*Description of the task*: Pictures are not part of the answer. Return the lines from the one containing "26) person from (1137, 339) to (1163, 470)" through the end of the data, both included, exactly as they appear.

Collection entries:

----

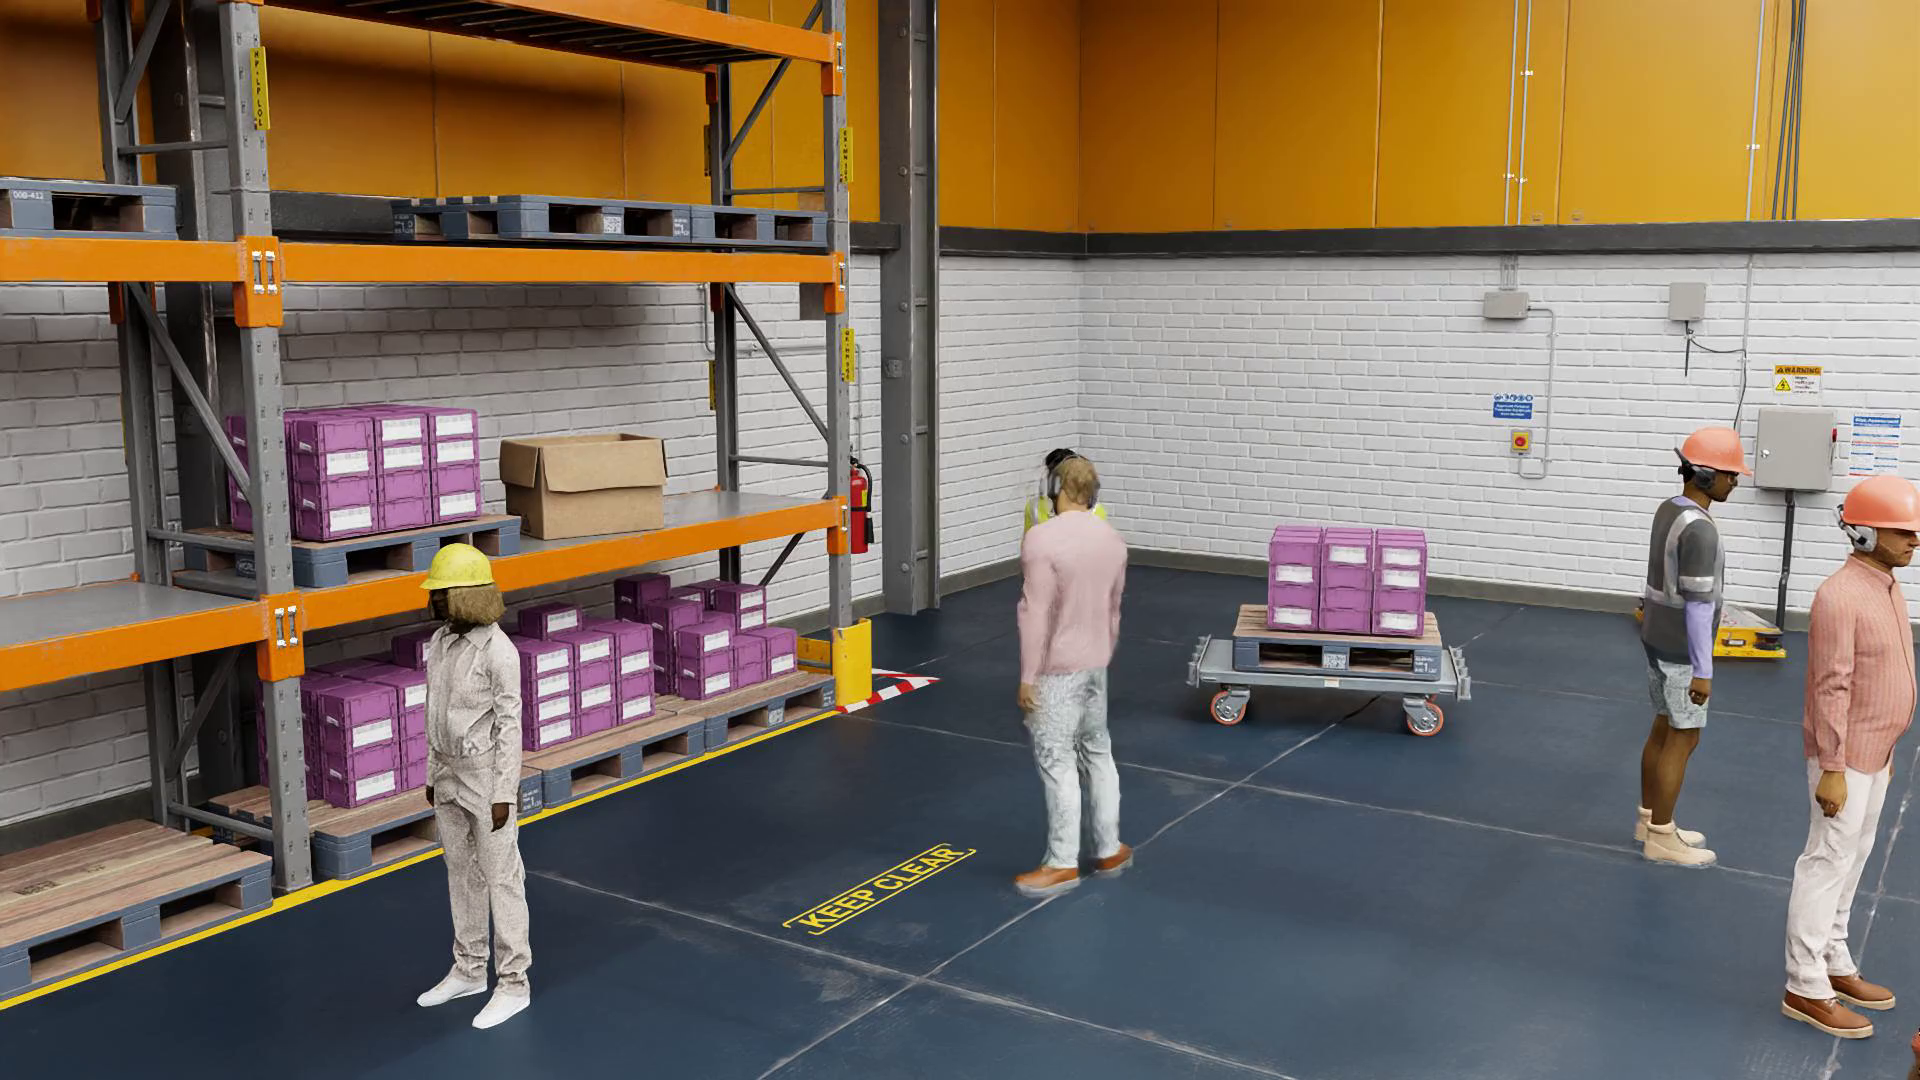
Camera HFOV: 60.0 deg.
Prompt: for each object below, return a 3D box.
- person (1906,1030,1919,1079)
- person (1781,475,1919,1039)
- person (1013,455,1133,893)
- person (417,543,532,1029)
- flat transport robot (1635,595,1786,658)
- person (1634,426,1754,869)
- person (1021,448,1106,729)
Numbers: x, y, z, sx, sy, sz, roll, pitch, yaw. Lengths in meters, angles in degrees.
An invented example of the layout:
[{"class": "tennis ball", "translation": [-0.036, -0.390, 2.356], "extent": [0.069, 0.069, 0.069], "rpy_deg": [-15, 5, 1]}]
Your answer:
[{"class": "person", "translation": [1.179, 1.441, 1.900], "extent": [0.345, 1.878, 0.581], "rpy_deg": [7, 11, 39]}, {"class": "person", "translation": [3.220, 0.754, 5.961], "extent": [0.389, 1.992, 0.625], "rpy_deg": [8, 12, 43]}, {"class": "person", "translation": [0.479, 0.591, 7.357], "extent": [0.384, 1.904, 0.694], "rpy_deg": [8, 12, 41]}, {"class": "person", "translation": [-1.770, 0.874, 6.003], "extent": [0.487, 1.744, 0.294], "rpy_deg": [7, 11, 37]}, {"class": "flat transport robot", "translation": [5.545, 0.630, 12.350], "extent": [0.652, 0.197, 1.431], "rpy_deg": [1, 9, 8]}, {"class": "person", "translation": [3.333, 0.490, 7.587], "extent": [0.410, 2.029, 0.612], "rpy_deg": [1, 9, 9]}, {"class": "person", "translation": [0.608, 0.299, 9.889], "extent": [0.532, 1.697, 0.319], "rpy_deg": [3, 9, 19]}]
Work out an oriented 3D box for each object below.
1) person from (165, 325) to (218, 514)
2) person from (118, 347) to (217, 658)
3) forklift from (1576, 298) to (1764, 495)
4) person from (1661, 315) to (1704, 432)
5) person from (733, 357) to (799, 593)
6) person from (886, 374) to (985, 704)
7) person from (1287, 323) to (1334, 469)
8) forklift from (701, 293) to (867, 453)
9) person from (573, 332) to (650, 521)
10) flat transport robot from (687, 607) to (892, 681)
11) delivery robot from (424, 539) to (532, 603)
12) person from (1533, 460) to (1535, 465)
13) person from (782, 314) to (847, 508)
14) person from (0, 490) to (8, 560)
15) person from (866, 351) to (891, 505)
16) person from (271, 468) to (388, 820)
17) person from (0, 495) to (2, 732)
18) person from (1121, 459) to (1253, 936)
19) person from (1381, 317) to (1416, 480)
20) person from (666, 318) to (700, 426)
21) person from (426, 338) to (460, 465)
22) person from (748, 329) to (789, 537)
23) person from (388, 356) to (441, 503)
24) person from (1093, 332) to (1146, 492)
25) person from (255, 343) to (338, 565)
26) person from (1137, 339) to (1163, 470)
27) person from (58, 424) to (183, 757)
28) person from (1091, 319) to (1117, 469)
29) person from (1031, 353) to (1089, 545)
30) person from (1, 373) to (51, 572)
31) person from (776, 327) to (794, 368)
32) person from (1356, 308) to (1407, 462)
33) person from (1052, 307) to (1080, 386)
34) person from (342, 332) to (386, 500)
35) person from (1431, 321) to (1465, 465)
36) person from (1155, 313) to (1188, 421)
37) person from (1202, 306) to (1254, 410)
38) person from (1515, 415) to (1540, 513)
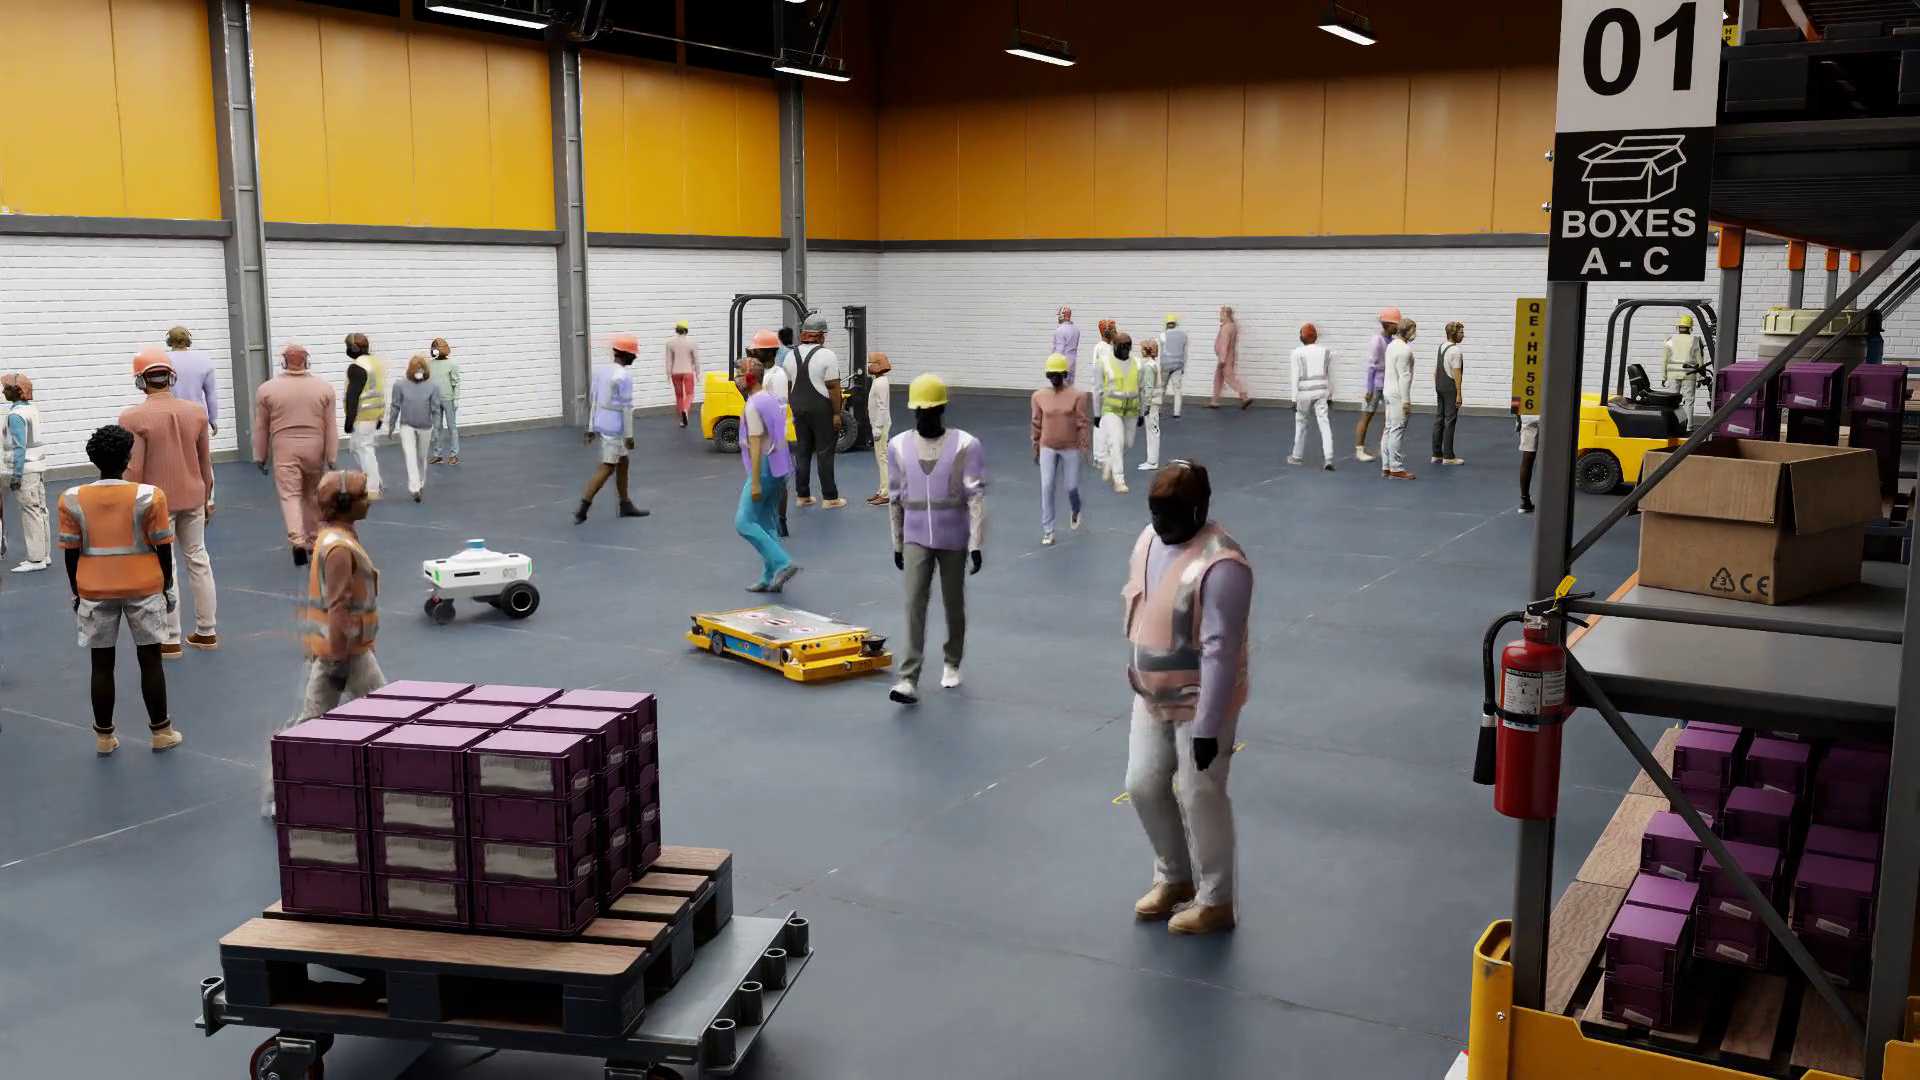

----

*Finished task*:
26) person from (1137, 339) to (1163, 470)
27) person from (58, 424) to (183, 757)
28) person from (1091, 319) to (1117, 469)
29) person from (1031, 353) to (1089, 545)
30) person from (1, 373) to (51, 572)
31) person from (776, 327) to (794, 368)
32) person from (1356, 308) to (1407, 462)
33) person from (1052, 307) to (1080, 386)
34) person from (342, 332) to (386, 500)
35) person from (1431, 321) to (1465, 465)
36) person from (1155, 313) to (1188, 421)
37) person from (1202, 306) to (1254, 410)
38) person from (1515, 415) to (1540, 513)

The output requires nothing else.